In the latest episode of the Long Now lecture series, Steven Johnson talks about the process of thinking on multiple scales simultaneously, both in time and space. Stewart Brand has a nice summary of the talk, which is full of interesting stuff, but there’s one piece of it that I want to highlight here because it relates to one of my current themes about citizen use of government data.

If you’re an Edward Tufte fan, like me, you’ll know the story of the 1854 cholera outbreak in London, and of John Snow’s map which showed deaths clustered around the Broad Street pump and which proved that the cause was bad water, not bad air (miasma). That story plays a central in Steven’s current book, and in his talk he points out that Snow was part of a larger cast of characters. One important but neglected figure was Henry Whitehead, a local vicar who collaborated with Snow. Another was William Farr, a government statistician. Although he initially favored the incorrect miasma theory, Farr had the good sense to publish the data that enabled others to find the right answer. Steven says:

The government could have said “OK, we’re going to compile all these statistics about who’s dying of what, where,” but Farr had this great idea that we’re going to make it available to everyone because someone maybe was going to find something of interest.

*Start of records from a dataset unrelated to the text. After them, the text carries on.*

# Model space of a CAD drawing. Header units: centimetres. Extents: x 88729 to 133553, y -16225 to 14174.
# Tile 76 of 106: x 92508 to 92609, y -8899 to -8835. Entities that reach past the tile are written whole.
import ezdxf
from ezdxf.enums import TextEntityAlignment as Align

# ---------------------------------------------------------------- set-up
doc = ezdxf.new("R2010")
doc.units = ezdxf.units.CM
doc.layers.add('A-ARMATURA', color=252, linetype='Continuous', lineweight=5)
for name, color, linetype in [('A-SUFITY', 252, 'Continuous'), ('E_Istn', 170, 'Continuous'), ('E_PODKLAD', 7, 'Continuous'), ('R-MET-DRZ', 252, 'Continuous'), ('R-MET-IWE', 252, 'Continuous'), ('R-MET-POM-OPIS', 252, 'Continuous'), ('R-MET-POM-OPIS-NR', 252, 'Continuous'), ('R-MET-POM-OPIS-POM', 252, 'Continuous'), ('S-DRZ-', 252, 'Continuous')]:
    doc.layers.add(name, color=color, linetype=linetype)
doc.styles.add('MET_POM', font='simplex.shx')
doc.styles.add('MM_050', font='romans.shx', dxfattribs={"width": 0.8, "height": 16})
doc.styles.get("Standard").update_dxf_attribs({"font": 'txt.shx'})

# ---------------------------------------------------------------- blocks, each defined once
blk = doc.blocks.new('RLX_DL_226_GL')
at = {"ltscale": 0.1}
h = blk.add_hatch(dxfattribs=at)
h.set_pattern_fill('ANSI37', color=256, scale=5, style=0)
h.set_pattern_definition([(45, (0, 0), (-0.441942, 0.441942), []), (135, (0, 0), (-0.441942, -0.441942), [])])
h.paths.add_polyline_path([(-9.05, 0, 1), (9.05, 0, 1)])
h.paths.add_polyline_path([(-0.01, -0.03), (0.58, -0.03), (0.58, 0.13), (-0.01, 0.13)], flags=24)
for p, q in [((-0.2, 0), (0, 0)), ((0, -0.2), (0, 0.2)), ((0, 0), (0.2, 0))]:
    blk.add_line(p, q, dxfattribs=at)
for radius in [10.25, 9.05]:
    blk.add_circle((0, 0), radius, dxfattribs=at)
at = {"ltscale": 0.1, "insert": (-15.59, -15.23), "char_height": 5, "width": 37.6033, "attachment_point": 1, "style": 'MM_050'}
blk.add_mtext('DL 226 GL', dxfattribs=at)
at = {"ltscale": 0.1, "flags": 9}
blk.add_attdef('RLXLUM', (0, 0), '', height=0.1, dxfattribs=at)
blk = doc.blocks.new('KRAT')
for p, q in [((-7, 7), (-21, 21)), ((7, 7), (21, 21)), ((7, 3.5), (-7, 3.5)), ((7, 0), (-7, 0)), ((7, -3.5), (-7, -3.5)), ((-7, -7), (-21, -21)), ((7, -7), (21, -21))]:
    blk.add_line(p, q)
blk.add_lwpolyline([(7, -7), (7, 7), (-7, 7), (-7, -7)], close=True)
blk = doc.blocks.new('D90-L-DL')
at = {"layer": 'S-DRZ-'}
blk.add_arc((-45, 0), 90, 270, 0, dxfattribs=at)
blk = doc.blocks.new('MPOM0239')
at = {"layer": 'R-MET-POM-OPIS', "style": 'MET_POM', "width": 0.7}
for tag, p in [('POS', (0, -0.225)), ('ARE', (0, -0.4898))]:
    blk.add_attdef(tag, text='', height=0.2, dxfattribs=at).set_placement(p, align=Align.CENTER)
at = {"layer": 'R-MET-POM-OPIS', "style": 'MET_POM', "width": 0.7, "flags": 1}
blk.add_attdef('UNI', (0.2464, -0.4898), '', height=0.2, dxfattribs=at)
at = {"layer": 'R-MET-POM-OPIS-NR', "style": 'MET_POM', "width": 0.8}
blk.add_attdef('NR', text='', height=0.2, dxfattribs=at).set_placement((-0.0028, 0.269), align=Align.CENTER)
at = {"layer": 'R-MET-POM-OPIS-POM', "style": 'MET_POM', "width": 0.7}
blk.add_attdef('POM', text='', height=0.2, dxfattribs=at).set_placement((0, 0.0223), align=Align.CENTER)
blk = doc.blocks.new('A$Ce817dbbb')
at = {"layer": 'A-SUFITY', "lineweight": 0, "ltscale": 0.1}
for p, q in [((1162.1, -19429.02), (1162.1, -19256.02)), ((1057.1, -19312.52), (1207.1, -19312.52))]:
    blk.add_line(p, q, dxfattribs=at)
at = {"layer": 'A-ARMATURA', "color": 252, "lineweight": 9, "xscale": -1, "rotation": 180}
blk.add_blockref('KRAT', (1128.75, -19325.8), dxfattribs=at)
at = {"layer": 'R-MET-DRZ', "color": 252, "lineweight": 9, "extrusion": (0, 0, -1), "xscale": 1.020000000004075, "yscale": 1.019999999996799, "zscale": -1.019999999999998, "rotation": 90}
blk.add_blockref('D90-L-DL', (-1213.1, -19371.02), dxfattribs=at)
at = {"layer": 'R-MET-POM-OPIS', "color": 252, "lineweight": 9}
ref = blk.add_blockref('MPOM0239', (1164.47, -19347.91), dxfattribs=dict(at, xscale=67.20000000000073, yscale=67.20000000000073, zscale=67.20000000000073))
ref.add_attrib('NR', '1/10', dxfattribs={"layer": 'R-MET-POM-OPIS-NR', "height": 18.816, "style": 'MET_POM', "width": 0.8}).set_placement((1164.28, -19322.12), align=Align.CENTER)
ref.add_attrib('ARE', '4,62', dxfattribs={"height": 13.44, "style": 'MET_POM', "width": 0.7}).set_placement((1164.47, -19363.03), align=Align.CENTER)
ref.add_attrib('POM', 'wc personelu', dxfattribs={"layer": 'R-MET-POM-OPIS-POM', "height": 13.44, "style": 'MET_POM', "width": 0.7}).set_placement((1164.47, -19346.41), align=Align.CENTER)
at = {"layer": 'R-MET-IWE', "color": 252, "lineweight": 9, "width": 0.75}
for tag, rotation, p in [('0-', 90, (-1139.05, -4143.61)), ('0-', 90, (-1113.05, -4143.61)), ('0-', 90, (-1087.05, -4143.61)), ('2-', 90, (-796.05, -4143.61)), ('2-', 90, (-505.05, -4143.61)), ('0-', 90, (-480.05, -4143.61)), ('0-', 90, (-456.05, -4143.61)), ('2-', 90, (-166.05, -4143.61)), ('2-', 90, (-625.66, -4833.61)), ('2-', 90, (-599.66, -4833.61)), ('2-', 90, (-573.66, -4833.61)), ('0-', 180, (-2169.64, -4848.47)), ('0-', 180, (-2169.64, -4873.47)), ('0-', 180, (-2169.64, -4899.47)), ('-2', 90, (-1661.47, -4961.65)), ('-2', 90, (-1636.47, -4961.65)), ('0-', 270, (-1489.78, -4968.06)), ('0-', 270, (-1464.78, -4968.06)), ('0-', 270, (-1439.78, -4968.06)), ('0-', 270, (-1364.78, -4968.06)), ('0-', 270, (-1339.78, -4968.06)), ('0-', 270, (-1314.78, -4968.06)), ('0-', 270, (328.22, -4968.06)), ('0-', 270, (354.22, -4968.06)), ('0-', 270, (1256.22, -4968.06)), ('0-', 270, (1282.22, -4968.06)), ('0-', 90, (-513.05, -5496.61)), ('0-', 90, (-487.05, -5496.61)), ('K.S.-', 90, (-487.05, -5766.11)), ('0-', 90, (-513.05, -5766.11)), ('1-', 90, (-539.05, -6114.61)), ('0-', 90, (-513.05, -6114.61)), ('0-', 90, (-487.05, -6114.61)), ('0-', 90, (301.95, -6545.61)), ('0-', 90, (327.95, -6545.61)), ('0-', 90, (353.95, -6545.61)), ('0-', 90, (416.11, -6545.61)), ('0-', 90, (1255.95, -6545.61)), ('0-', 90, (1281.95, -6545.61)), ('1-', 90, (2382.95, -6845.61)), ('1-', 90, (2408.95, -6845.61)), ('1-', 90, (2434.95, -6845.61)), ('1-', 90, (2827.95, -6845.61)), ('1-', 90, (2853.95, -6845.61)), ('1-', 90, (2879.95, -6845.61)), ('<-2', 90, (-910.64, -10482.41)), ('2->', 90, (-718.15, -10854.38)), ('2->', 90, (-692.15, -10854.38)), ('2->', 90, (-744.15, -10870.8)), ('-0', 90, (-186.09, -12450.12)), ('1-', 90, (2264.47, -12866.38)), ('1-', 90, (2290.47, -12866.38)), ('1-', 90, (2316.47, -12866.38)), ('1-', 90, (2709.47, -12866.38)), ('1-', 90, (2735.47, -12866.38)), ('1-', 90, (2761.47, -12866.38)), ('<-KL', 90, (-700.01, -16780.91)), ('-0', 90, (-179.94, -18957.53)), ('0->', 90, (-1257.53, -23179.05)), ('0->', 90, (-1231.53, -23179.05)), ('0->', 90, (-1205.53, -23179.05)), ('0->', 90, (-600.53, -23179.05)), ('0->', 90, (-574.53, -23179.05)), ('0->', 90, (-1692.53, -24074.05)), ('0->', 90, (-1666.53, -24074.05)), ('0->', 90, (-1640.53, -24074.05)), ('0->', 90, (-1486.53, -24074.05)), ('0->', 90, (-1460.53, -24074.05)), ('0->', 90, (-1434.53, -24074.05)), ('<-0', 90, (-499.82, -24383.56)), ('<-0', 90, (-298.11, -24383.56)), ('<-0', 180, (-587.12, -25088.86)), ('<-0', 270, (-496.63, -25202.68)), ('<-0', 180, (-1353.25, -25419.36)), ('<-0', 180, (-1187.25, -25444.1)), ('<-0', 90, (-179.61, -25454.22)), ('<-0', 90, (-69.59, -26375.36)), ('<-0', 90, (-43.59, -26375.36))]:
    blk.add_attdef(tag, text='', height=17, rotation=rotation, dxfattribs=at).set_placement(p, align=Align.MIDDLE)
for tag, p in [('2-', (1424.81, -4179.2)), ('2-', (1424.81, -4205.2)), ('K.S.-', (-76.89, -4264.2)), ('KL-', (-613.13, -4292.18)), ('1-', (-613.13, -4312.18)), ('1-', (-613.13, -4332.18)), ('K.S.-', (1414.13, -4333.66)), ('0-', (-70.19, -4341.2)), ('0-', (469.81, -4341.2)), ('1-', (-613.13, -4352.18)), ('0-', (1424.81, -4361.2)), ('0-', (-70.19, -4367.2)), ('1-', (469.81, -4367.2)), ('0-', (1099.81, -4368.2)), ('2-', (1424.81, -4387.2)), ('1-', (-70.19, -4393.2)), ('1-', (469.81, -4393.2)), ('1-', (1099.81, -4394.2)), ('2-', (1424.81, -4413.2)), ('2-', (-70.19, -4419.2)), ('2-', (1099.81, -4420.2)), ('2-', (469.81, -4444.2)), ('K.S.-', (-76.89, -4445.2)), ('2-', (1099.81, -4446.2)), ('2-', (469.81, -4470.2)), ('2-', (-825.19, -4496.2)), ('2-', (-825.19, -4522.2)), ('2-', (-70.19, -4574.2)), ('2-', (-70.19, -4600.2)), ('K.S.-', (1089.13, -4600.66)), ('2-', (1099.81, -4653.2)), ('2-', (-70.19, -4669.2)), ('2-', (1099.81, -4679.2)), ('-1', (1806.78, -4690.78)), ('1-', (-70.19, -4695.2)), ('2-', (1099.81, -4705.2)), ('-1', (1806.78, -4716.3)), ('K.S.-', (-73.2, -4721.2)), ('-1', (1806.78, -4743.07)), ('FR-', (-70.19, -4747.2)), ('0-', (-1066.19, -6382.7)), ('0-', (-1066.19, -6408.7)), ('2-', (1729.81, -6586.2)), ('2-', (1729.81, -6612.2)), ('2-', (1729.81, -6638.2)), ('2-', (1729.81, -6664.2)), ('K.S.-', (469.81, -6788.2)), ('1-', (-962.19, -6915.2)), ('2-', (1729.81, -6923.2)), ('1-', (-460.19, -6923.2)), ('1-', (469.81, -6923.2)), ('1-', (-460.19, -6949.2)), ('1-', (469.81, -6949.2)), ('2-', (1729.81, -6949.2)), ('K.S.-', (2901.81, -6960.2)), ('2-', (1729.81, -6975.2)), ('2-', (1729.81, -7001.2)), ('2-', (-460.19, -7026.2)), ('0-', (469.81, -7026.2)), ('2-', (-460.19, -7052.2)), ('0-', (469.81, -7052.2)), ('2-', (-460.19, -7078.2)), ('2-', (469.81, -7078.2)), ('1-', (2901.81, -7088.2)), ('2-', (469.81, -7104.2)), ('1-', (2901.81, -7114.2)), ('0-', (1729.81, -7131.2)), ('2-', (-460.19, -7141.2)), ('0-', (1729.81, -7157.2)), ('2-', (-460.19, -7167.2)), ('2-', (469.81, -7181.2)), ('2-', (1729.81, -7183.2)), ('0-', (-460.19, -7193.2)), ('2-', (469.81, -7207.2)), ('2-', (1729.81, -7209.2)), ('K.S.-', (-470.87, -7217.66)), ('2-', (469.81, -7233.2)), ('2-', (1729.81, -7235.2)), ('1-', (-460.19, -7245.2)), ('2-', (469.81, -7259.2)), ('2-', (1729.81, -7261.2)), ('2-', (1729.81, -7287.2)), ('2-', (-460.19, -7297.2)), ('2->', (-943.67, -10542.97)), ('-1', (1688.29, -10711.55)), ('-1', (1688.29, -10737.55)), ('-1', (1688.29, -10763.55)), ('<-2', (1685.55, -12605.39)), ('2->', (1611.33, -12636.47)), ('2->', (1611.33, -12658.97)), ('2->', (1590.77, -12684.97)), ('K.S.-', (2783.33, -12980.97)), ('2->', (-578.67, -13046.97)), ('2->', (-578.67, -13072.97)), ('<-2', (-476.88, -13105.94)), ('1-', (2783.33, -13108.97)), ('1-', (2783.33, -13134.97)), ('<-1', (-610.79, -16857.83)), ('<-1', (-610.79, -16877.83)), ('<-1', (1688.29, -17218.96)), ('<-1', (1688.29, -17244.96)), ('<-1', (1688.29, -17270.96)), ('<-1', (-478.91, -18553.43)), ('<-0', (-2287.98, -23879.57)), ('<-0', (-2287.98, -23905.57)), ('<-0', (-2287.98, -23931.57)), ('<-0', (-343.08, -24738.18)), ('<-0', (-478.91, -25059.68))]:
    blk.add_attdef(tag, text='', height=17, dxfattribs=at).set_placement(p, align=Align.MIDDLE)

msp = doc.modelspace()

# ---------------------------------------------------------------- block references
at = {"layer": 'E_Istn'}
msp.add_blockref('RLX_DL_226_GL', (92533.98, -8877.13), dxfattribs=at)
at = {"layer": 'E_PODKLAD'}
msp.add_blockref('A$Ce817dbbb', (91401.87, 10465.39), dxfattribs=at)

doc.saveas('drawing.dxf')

And without that open access to the government statistics, the case wouldn’t have been made convincingly enough.

Rereading the comments on this entry, it’s humbling to realize that, 150 years later, that kind of access still seems like a novelty.

And in cases where we do have access to the data, it’s frustrating to see how little effective use we are able to make of it, despite all the bandwidth and computational resources available to us. Arranging pushpins on maps is a fine thing to do, but we should expect, and be able to do, more.

Greg Whisenant says “I’d be interested in features that people would like to see in a ‘basic analytics’ framework.” Rather than answer in general terms, I’ll talk about a specific situation. Here in idyllic smalltown Keene, New Hampshire, we’re seeing a very disturbing increase in crime. It’s nothing that would raise anyone’s blood pressure in Chicago or San Francisco, but there have been a lot more burglaries lately, and a handful of violent assaults of the sort we almost never see here.

By way of background, the police station recently moved from downtown to a peripheral location. One hypothesis is that our crime wave correlates with that move: less police presence downtown, more crime. One proposed response is to beef up that presence by creating and manning staffing a downtown substation. How do we test this hypothesis and evaluate that proposal?

I’ve tried (so far unsuccessfully) to get hold of the raw data: crimes, by type and date and location, as far back as our electronic records go. Let’s assume I can get that data. What then? For starters, I’d like to count incidents before and after the move. But I’d also like to count incidents within circles of varying radii centered on the police station, over time, and see an animated visualization of that information. Or rather, since I’m somebody with the programming chops to make something like that happen, I’d like to see a toolkit that would enable an ordinary citizen with data and a hypothesis to make that happen.